The proposed legislation, known as Bill C-34, introduces the Digital Safety Act and creates a new Digital Safety Commission of Canada to oversee enforcement. The government says the goal is to reduce online harms, particularly those affecting children, while increasing transparency from digital platforms.

Social media and AI chatbots could face new restrictions

Under the proposal, certain regulated social media services could be required to implement age-verification or age-estimation systems designed to prevent users under 16 from creating accounts. Platforms that host pornographic content may also need to introduce age checks to stop minors from accessing that material. The bill also extends beyond traditional social media.

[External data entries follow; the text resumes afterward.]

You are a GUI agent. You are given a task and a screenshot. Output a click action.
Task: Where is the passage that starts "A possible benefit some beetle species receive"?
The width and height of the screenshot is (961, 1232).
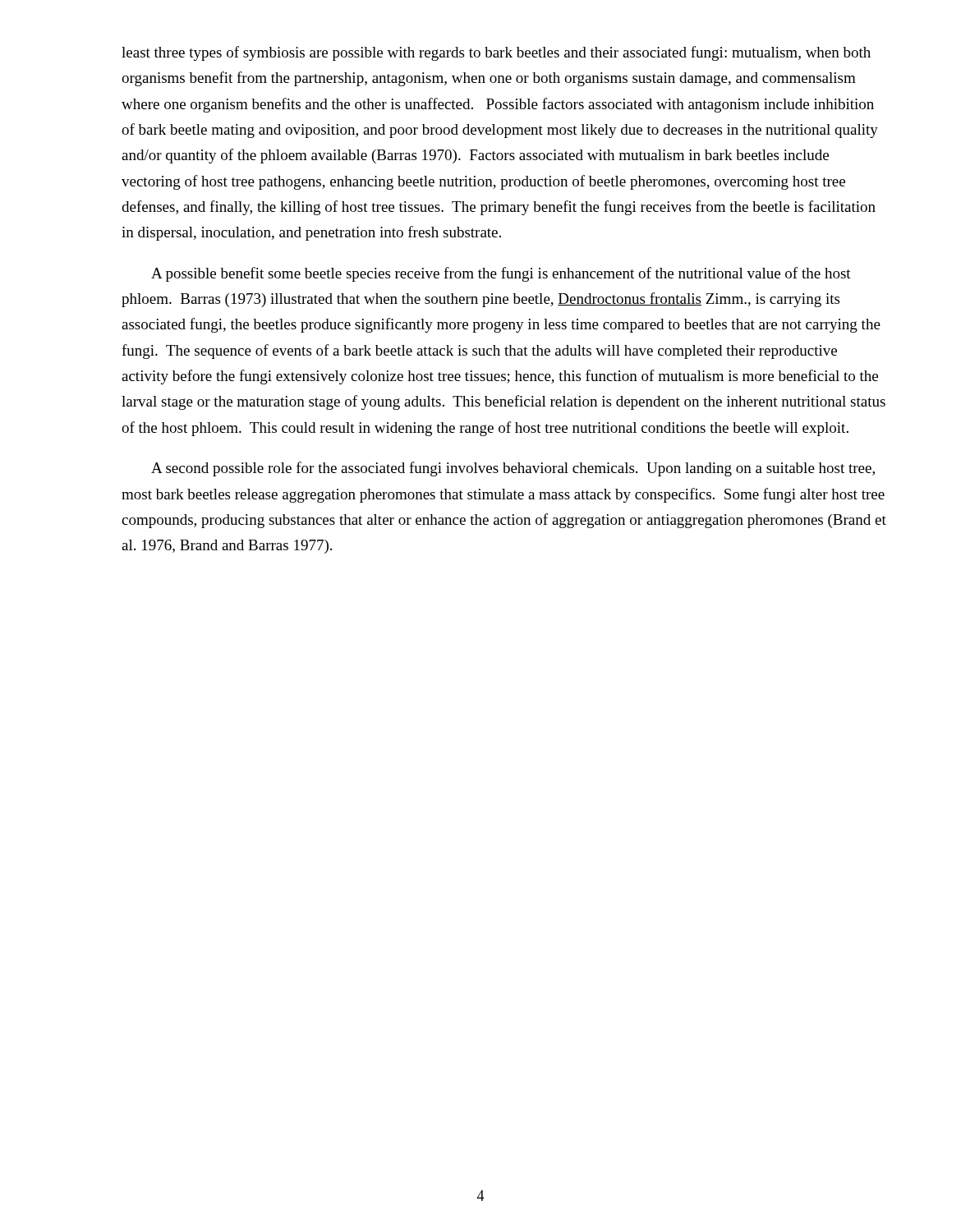[x=504, y=350]
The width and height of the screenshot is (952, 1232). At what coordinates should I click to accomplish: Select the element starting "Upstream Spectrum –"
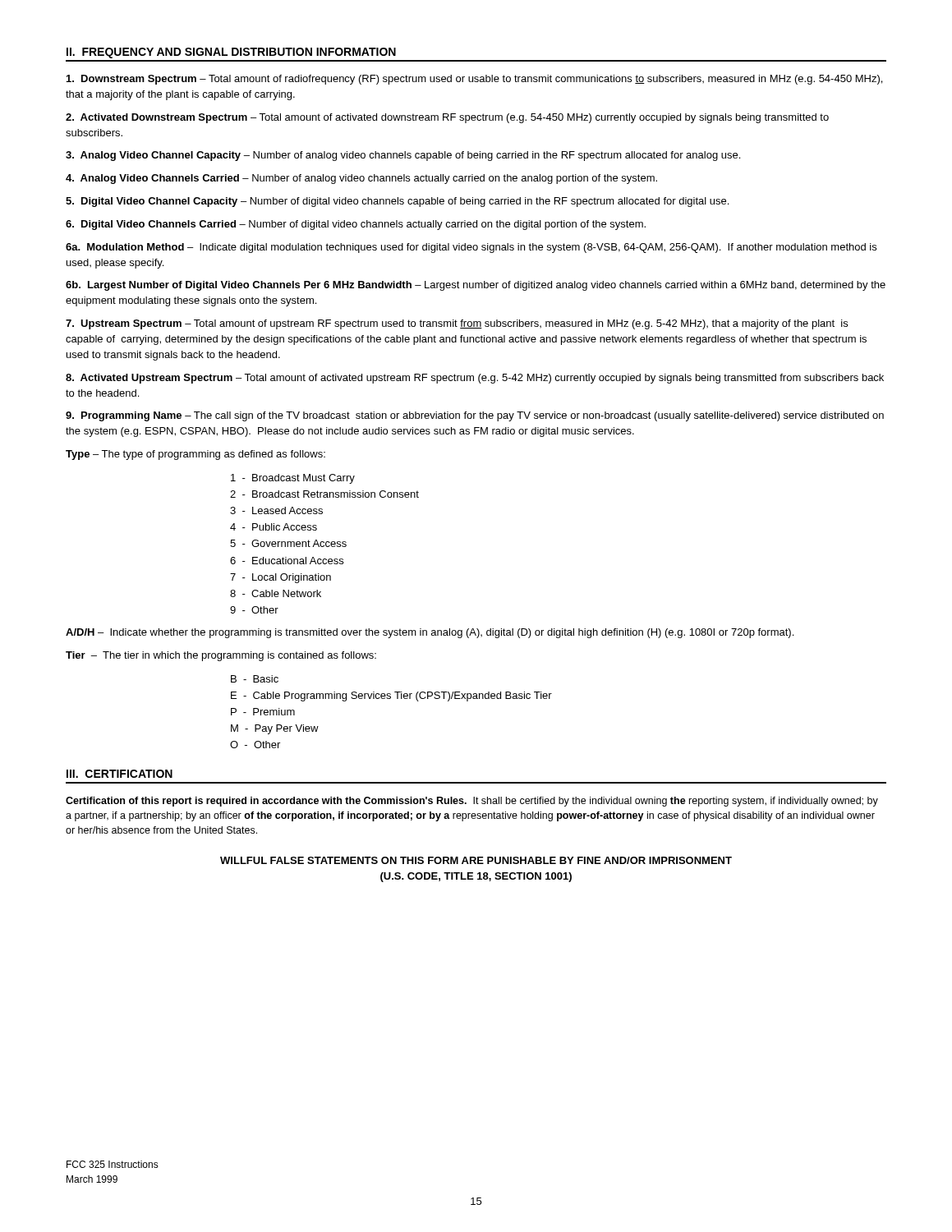466,339
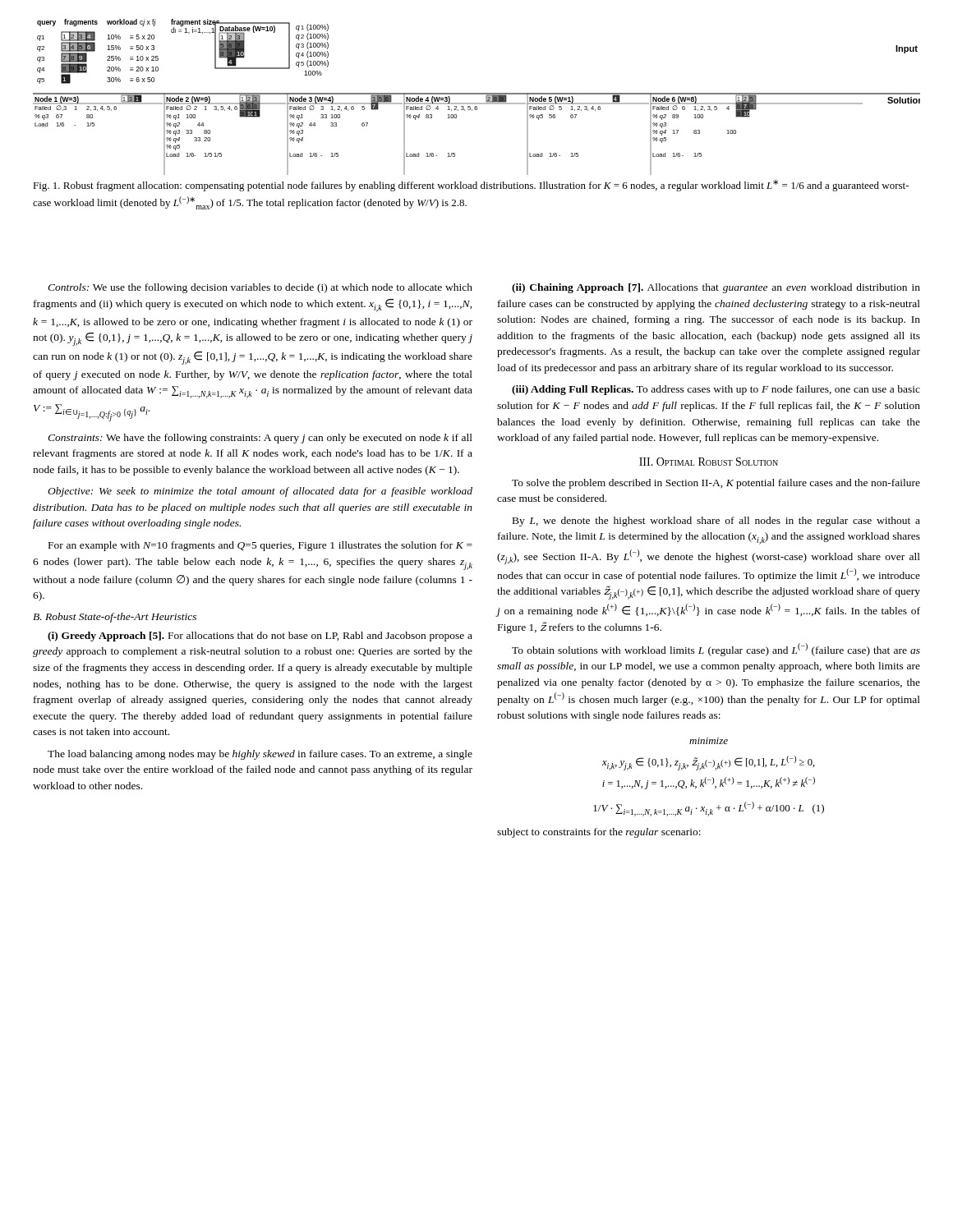The height and width of the screenshot is (1232, 953).
Task: Point to the formula beginning "minimize xi,k, yj,k ∈ {0,1}, zj,k, z̃j,k(−),k(+)"
Action: tap(709, 775)
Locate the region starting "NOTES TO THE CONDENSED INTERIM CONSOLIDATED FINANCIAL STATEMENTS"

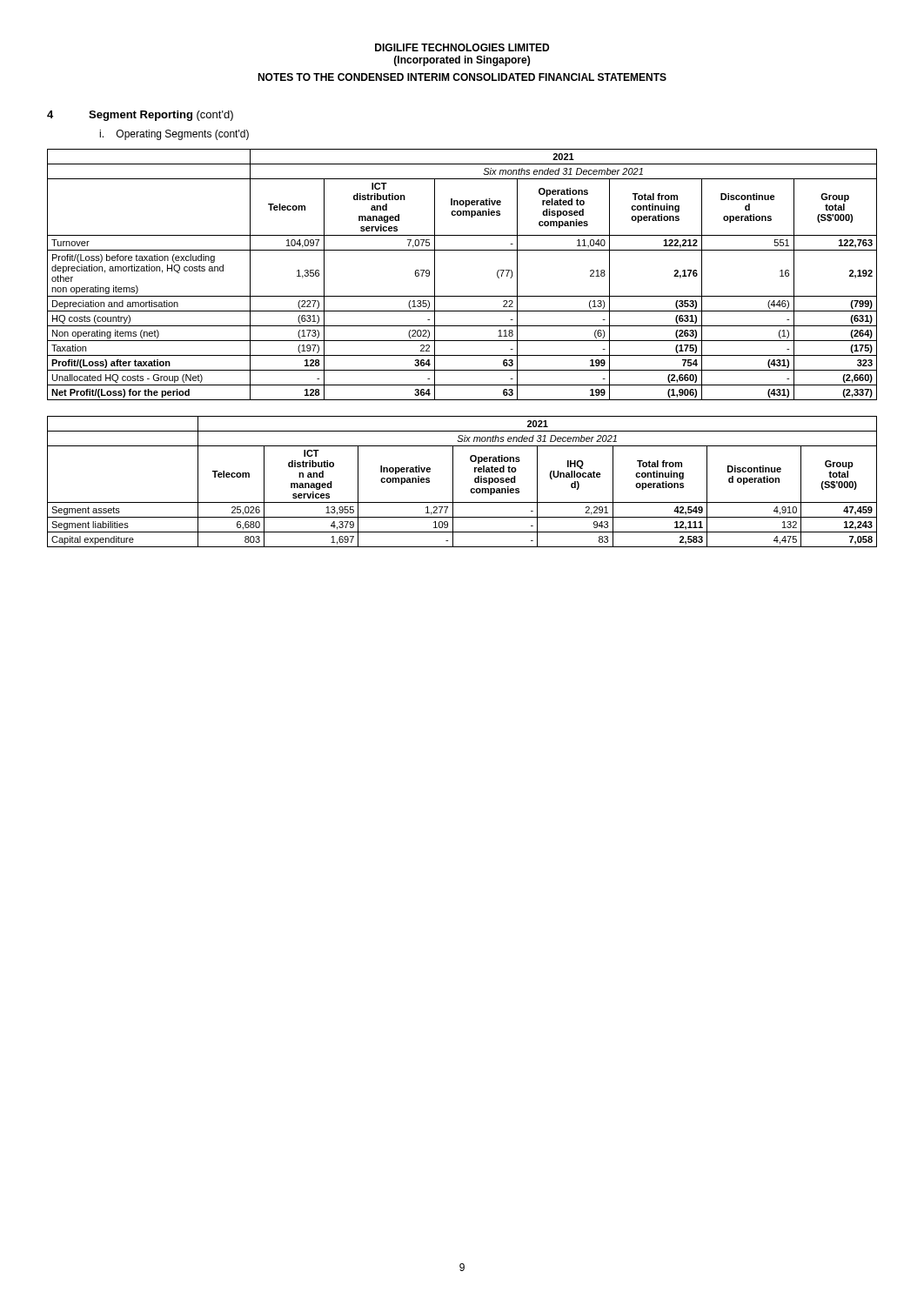pos(462,77)
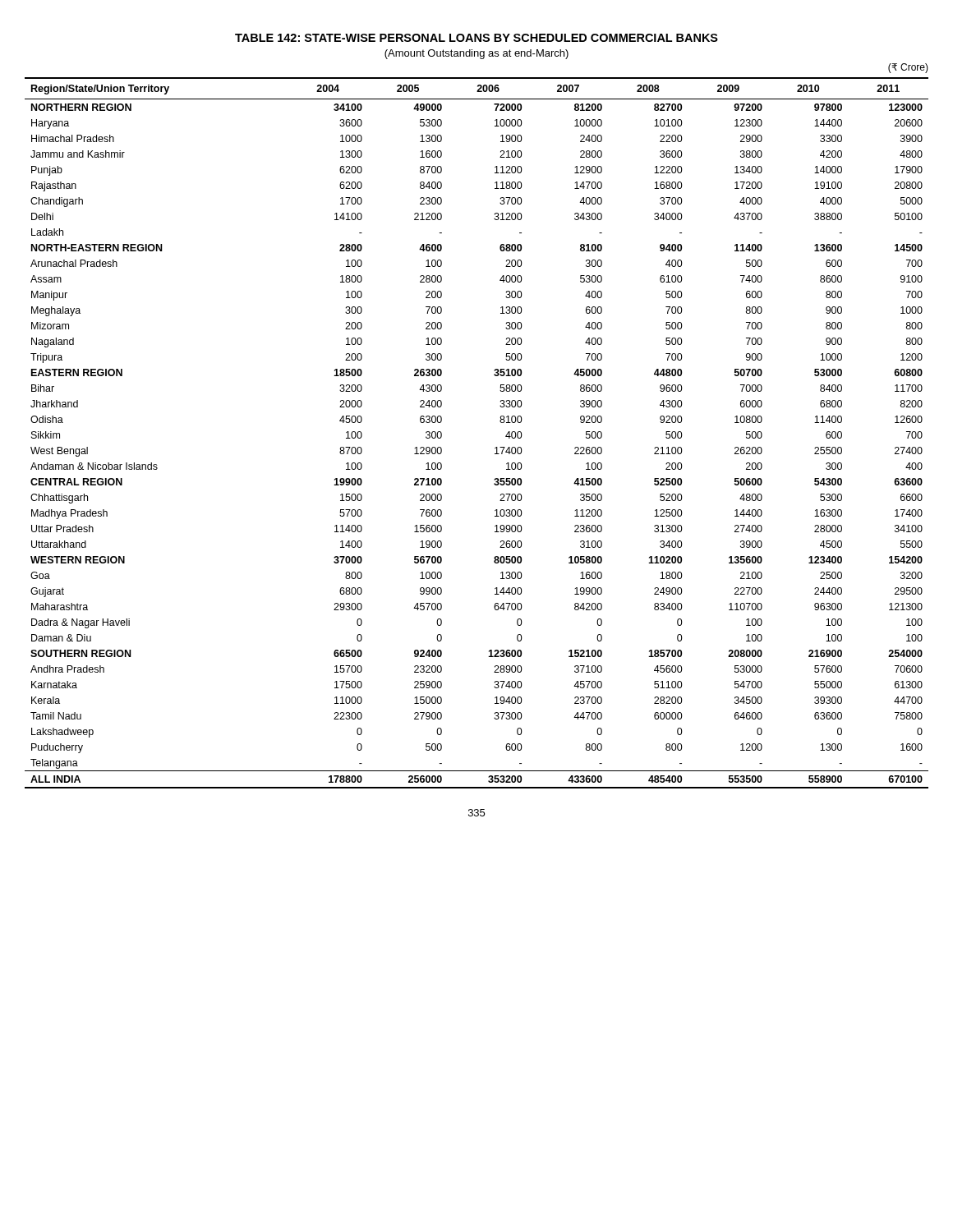Click the table
Image resolution: width=953 pixels, height=1232 pixels.
(476, 433)
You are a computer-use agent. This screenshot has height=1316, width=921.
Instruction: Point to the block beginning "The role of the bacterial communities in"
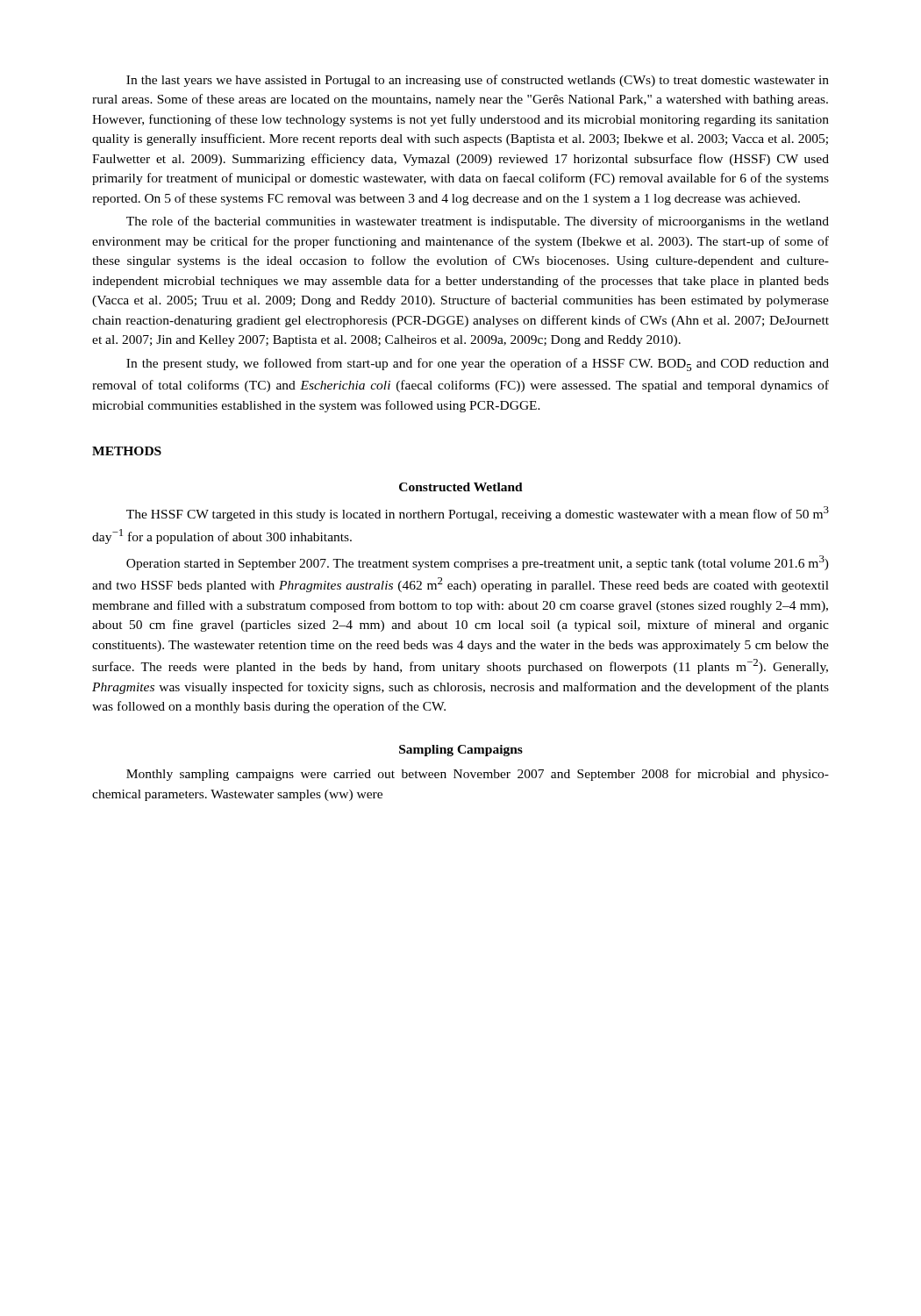pos(460,281)

AI chatbot services that can simulate long-term human-like relationships would fall under the legislation. Operators could be required to prevent harmful behavior, avoid deceptive interactions that make chatbots appear human, and intervene when users express suicidal thoughts or intentions of self-harm by directing them to crisis support services.

Deepfakes, harmful content, and transparency in focus

Regulated social media services may be required to label synthetic content when it could reasonably be mistaken for authentic audio or video. The bill also requires platforms to provide tools for users to report harmful content and block other users.

Speaking of harmful content, the legislation covers categories including child sexual exploitation material, non-consensual intimate imagery, content that encourages self-harm among children, hate-promoting content, violent content, and terrorism-related material. Platforms would be expected to implement measures that reduce user exposure to such content.

That being said, the proposal is still at the first reading stage in Canada’s Parliament. The bill faces committee reviews, debates, and potential amendments before any of these requirements become law.

Besides Canada, other countries are also taking action on online child safety. In the UK, regulator Ofcom has opened a probe into Telegram over child safety concerns and warned that TikTok and YouTube are still “not safe enough” for children, highlighting growing regulatory pressure on digital platforms to better protect young users.